Nora loved and had many dogs; one of her dogs was named "Maron", which is a very unusual name for Bulgaria. The name is also an anagram for "Roman", short for Romanov. More simply, the meaning of "marron" in French is "brown", which is not unusual for the dog of a French teacher. The names of her other dogs were Rex, Tangra, Beba, Jimmy and Johnny.

Nora was a smoker and used opium. Nora would tell that she picked up this habit from an aunt of hers. On the other hand, Dr. Alexiev would justify it by stating that the opium relieved the pain from her bullet wounds. Nora was unable to sleep in a completely horizontal position and was sleeping in a reclining position.

In 1936 Nora traveled to Germany and lived in Berlin for a year.

===George Zhudin===
Dr. Alexiev and Eleonora Kruger were soon joined by a young Russian named George Pavlovich Zhudin, who ended up living in the same house as Dr. Alexiev and Eleonora. George was described as a tall and slim man with a pale face, and it was told that George was sick with tuberculosis – the symptoms for tuberculosis and hemophilia can be similar (Anastasia's younger brother, Alexei, suffered from hemophilia). Dr. Alexiev would tell that George is not contagious. It was widely speculated that Nora and George were sister and brother, although they themselves never confirmed this.

George died on 27 December 1930, and was buried in the village of Gabarevo.
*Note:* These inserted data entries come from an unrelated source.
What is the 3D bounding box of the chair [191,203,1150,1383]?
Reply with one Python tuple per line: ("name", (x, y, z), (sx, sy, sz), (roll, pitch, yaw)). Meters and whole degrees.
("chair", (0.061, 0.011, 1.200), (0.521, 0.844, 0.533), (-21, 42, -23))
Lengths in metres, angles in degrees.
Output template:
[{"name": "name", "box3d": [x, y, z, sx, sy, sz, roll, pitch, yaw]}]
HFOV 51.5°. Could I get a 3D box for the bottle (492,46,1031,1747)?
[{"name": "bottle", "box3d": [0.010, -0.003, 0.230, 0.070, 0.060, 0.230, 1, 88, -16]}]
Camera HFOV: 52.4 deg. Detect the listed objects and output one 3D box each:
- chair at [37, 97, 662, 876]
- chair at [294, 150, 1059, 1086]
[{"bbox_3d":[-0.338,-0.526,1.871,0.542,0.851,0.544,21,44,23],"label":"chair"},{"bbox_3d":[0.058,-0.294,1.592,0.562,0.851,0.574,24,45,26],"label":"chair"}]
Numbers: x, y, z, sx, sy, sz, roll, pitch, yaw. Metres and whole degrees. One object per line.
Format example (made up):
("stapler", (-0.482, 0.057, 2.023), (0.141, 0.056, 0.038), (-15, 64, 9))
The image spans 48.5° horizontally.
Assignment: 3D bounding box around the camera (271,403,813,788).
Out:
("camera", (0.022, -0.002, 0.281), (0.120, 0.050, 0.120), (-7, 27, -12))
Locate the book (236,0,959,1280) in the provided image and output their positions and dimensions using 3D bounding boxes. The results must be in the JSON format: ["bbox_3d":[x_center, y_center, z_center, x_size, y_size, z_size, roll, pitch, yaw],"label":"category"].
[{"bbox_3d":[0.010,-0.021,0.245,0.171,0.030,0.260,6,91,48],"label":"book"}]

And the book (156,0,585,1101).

In his death certificate his parents are listed as Paul Stefanov and Alexandra Sergeevna. Under subject and nationality, George is listed as Russian. Nora would often visit his grave and is said to have planted two trees there. After her death, she was buried on his right side, a tradition for Russian people related by blood. Additionally, when their graves were excavated in the 1990s, a ladanka was found in George's grave – a small icon of Christ customarily left inside the graves of high-profile Russian aristocrats.

===The other Russians===
The other Russians who comprised the small community living in Gabarevo were registered at the city hall as Matvei Pavlovich Kolishev, Sergei Maximovich Kuzmich, and Iakov Simeonovich Latvinov. The other Russians were employed by Dr. Alexiev and Eleonora Kruger, and cooked and cleaned their house.

Around 1928, Constantine Pavlovich Zhudin, another Russian, joined the circle around Nora. Constantine Zhudin was stranded in Istanbul, Turkey and unable to leave. Dr. Alexiev had requested from one of his neighbors in Gabarevo a favor. This favor consisted of the elderly man getting a certificate from the local municipality certifying that he was in advanced age and was in need of a male support in maintaining his agricultural work. This certificate accomplished its purpose and Constantine Zhudin moved to Bulgaria. He initially settled in Gabarevo; however, later he relocated to Sofia and worked at the French Embassy in Bulgaria.

Neither Eleonora nor Georgi ever actually claimed to be Russian royalty. However, they both seemed to have an uncanny resemblance to Anastasia and Alexei.